=== TASK REQUIREMENTS ===
What is needed is an exact copy of every entry below, minus the images.

=== DATA FOR ANALYSIS ===
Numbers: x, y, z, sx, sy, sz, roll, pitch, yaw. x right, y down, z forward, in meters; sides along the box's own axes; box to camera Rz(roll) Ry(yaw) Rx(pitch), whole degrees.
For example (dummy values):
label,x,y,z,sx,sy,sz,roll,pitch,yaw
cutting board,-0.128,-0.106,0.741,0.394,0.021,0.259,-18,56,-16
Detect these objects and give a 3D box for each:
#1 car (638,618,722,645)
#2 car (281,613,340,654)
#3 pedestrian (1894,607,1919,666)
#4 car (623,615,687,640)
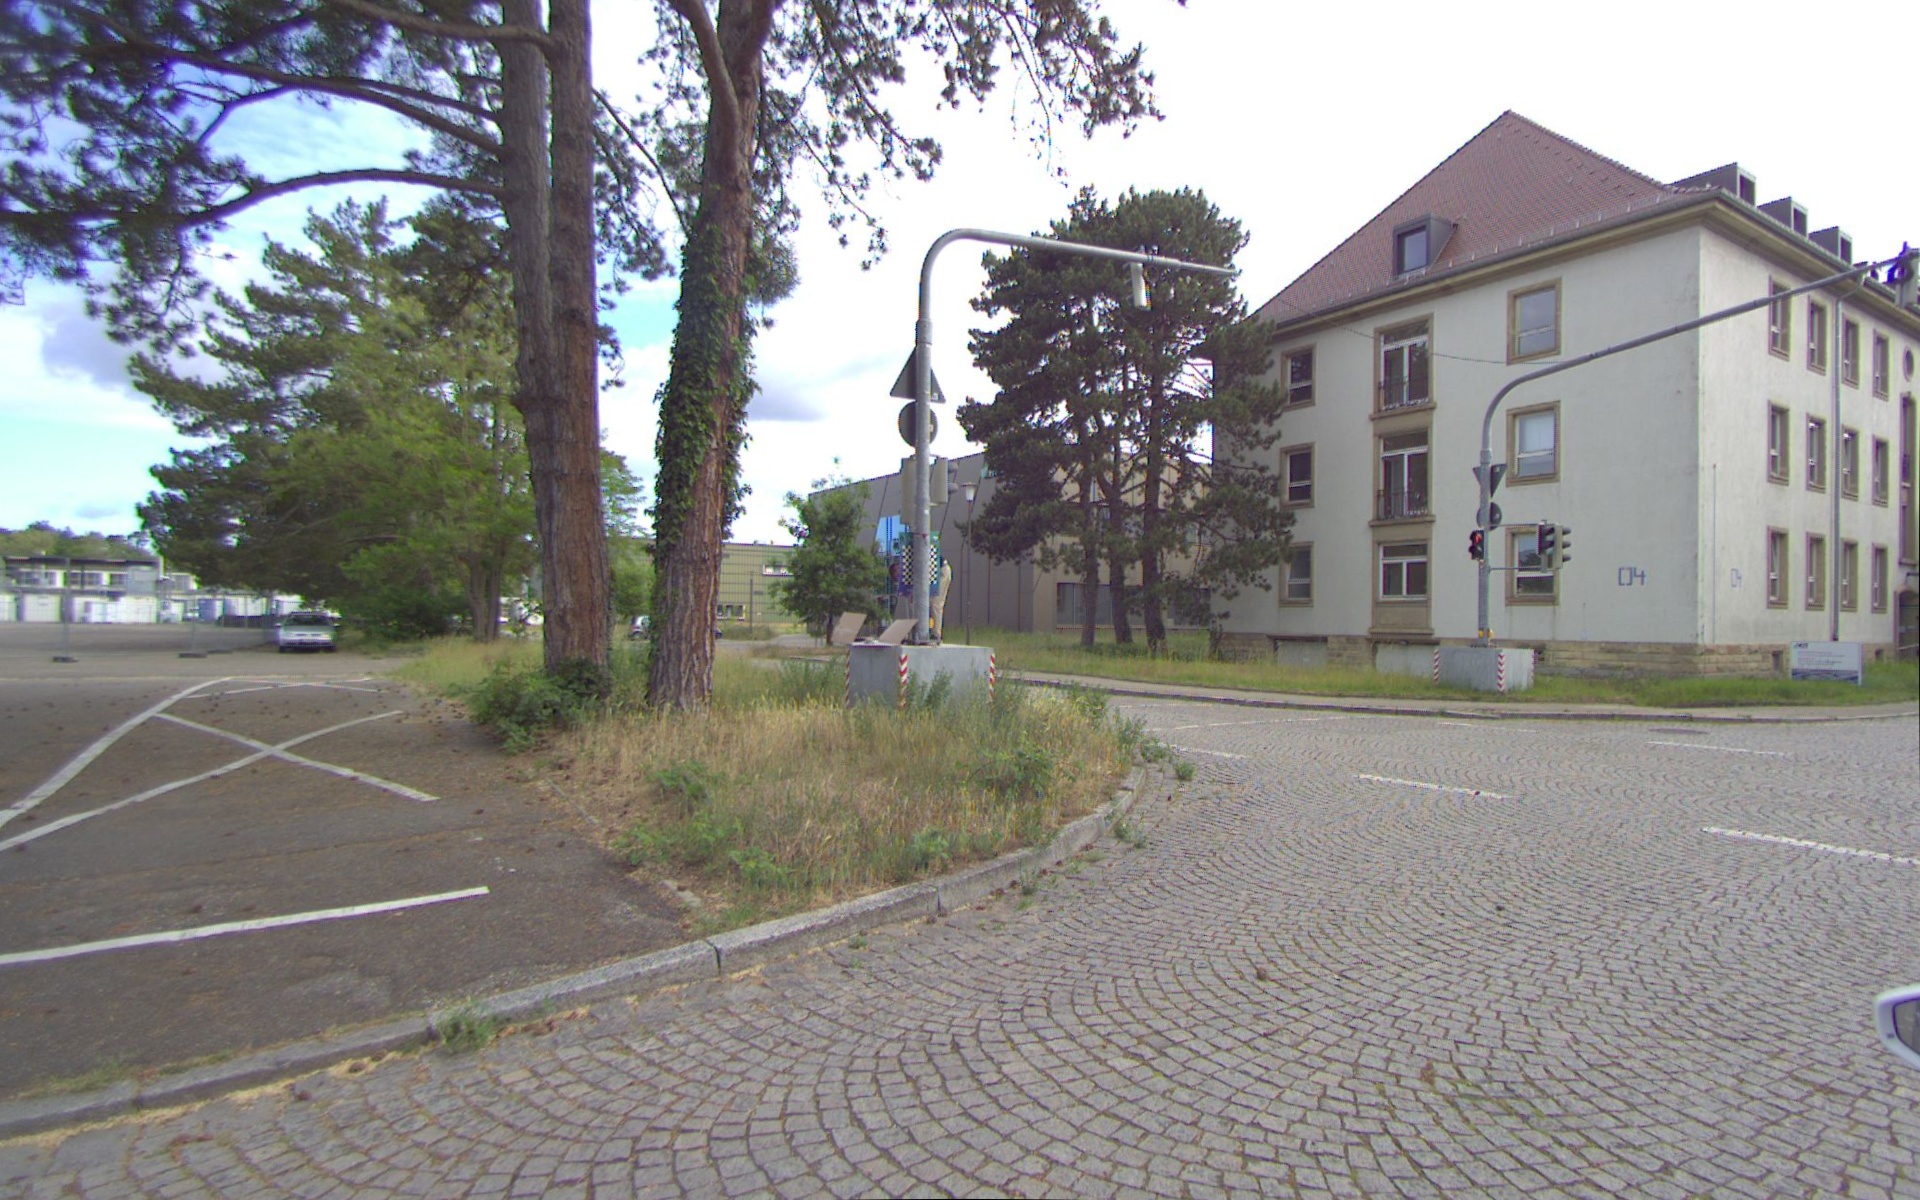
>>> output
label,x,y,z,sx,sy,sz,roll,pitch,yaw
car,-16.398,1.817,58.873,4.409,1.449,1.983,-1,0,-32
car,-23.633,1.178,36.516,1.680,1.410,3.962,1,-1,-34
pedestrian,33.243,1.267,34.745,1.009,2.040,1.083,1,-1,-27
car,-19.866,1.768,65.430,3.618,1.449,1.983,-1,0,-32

=== YOUR RESPONSE ===
Numbers: x, y, z, sx, sy, sz, roll, pitch, yaw. x right, y down, z forward, in meters; sides along the box's own axes; box to camera Rz(roll) Ry(yaw) Rx(pitch), whole degrees.
For example (dummy values):
label,x,y,z,sx,sy,sz,roll,pitch,yaw
cutting board,-0.128,-0.106,0.741,0.394,0.021,0.259,-18,56,-16
Detect these objects and give a 3D box for each:
#1 car (638,618,722,645)
#2 car (281,613,340,654)
#3 pedestrian (1894,607,1919,666)
#4 car (623,615,687,640)
>>> output
label,x,y,z,sx,sy,sz,roll,pitch,yaw
car,-16.398,1.817,58.873,4.409,1.449,1.983,-1,0,-32
car,-23.633,1.178,36.516,1.680,1.410,3.962,1,-1,-34
pedestrian,33.243,1.267,34.745,1.009,2.040,1.083,1,-1,-27
car,-19.866,1.768,65.430,3.618,1.449,1.983,-1,0,-32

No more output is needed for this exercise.